● What to produce
Below are some entries. Transcribe the lines from the one holding "For the rug" to the one holding "Hey there. I", inclusive, but not the pictures among them.

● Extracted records
BEGIN

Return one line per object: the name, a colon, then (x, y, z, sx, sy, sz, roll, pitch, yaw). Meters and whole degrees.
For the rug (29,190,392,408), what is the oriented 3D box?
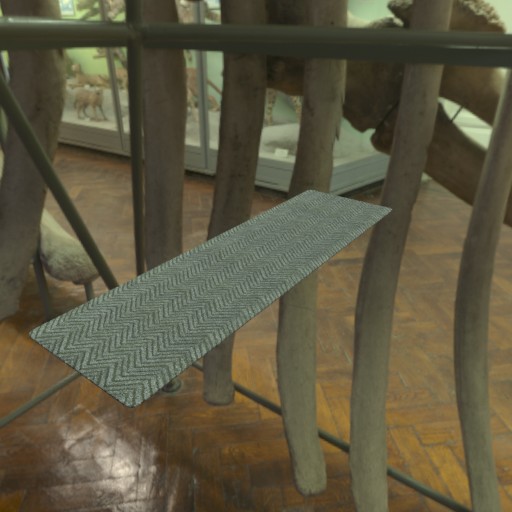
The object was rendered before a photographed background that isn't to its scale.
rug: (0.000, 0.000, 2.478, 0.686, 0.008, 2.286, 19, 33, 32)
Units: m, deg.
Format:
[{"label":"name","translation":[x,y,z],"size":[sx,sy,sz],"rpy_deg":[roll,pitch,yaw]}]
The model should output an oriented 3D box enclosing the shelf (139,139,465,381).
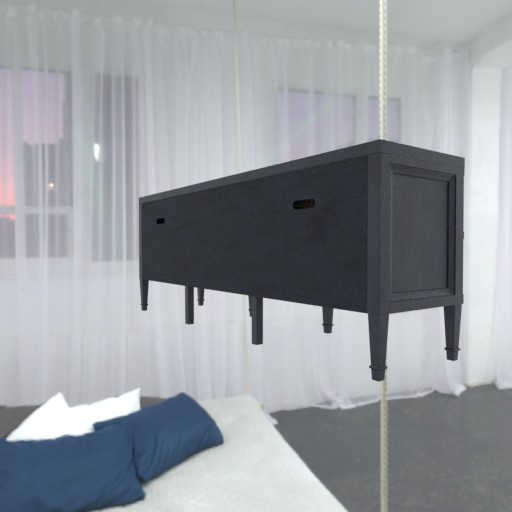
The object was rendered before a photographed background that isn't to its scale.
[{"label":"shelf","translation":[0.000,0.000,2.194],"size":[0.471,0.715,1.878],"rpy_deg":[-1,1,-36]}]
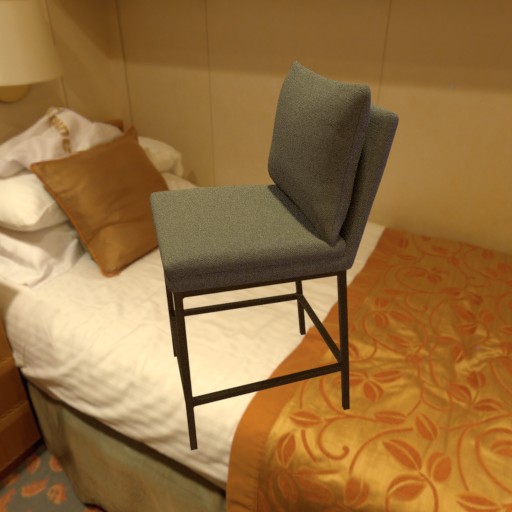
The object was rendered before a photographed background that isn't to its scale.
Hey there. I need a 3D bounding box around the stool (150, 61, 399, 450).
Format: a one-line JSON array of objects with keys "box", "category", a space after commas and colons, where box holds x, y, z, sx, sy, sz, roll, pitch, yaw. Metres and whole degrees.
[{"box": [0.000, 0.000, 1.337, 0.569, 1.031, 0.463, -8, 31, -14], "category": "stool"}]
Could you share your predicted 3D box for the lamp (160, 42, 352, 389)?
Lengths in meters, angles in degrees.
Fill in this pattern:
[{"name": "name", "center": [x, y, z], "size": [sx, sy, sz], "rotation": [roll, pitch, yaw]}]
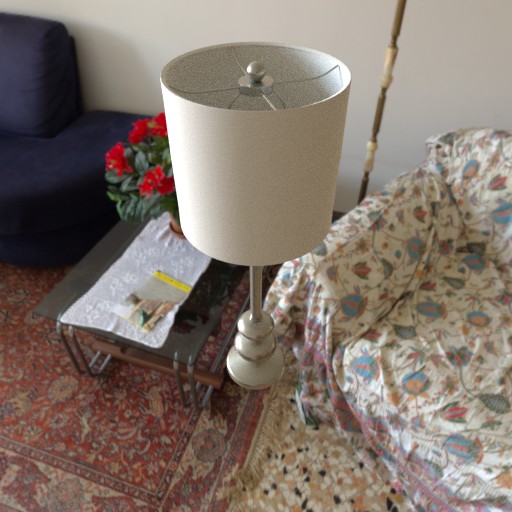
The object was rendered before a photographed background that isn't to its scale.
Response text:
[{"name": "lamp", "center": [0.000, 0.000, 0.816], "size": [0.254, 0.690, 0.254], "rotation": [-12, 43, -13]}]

END

● Task answer
For the rug (29,190,392,408), what is the oriented 3D box?
The object was rendered before a photographed background that isn't to its scale.
rug: (0.000, 0.000, 2.478, 0.686, 0.008, 2.286, 19, 33, 32)
Units: m, deg.
Format:
[{"label":"name","translation":[x,y,z],"size":[sx,sy,sz],"rpy_deg":[roll,pitch,yaw]}]
The model should output an oriented 3D box enclosing the shelf (139,139,465,381).
The object was rendered before a photographed background that isn't to its scale.
[{"label":"shelf","translation":[0.000,0.000,2.194],"size":[0.471,0.715,1.878],"rpy_deg":[-1,1,-36]}]
The object was rendered before a photographed background that isn't to its scale.
Hey there. I need a 3D bounding box around the stool (150, 61, 399, 450).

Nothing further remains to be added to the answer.